Pearson’s correlation coefficients were calculated between estimates of inbreeding coefficients from each of pedigree records, 50k SNP genotypes, and whole-genome sequence variants. All correlations between different inbreeding coefficient estimators were tested within breed to determine whether they were significantly different from 0 using the R (http://www.r-project.org/) cor and cor.test functions.

Impact of allele frequencies on estimators of inbreeding

As some estimators explicitly use allele frequencies to compute inbreeding coefficients, it is important to investigate how varying allele frequencies affect estimated inbreeding coefficients. Here, we investigated how the three different estimators change across the whole range of allele frequencies.
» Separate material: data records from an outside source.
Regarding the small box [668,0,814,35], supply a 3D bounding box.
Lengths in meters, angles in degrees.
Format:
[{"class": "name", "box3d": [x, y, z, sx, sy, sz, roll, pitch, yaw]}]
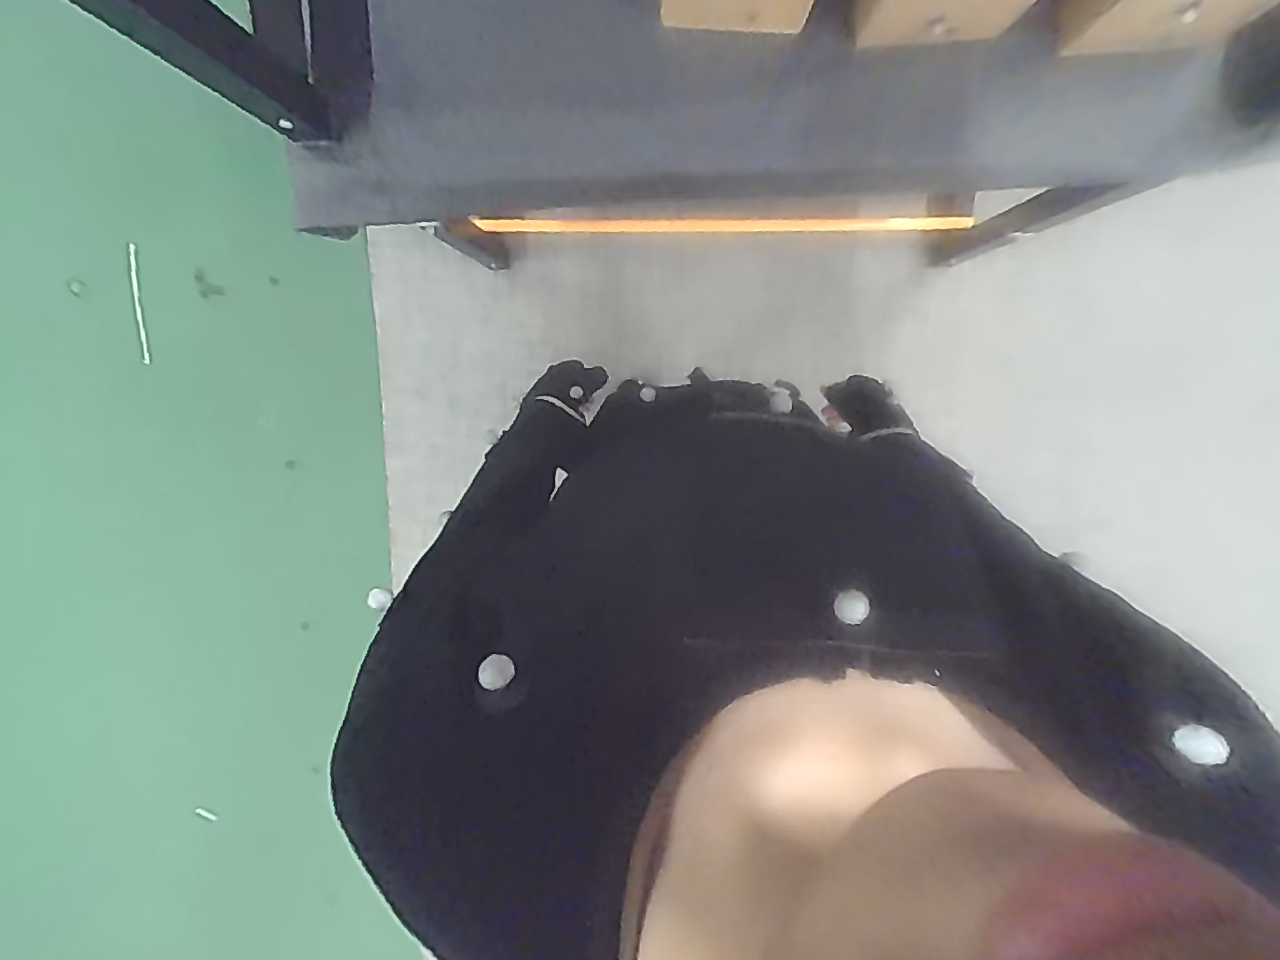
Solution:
[{"class": "small box", "box3d": [0.115, -0.599, 0.550, 0.168, 0.176, 0.179, 5, 101, 2]}]

For each genotype x i (homozygous for the reference allele; heterozygous for the reference and non-reference allele; homozygous for the non-reference allele), the values can be written as a function of allele frequency p i , as shown in Table 1.

Table 1 Formula for calculating three estimators (FGRM, FHOM and FUNI) for each genotype (homozygous for reference allele; heterozygous for reference and non-reference allele; homozygous for non-reference allele)

Results

We used five different approaches (FPED, FGRM, FHOM, FUNI, FROH) to estimate inbreeding coefficients using information from three different sources: pedigree, whole genome sequence and 50k SNP chip genotype data. There were total 11 estimates of inbreeding coefficients for each animal (Table 2). The average inbreeding coefficients estimated using different approaches and different data sets are presented in Table 2. The FPED and FROH estimated from 50k data for HOL and JER are significantly higher than for RDC (p < 0.05). For inbreeding coefficients estimated from sequence data, FROH, FROH>1Mb, FROH>3Mb, FHOM and FUNI differed significantly among breeds, being highest in JER and lowest in RDC. The mean FROH for 50k SNP chip data (0.066), and sequence data (0.19) are significantly higher than FPED (0.016) (p < 0.01).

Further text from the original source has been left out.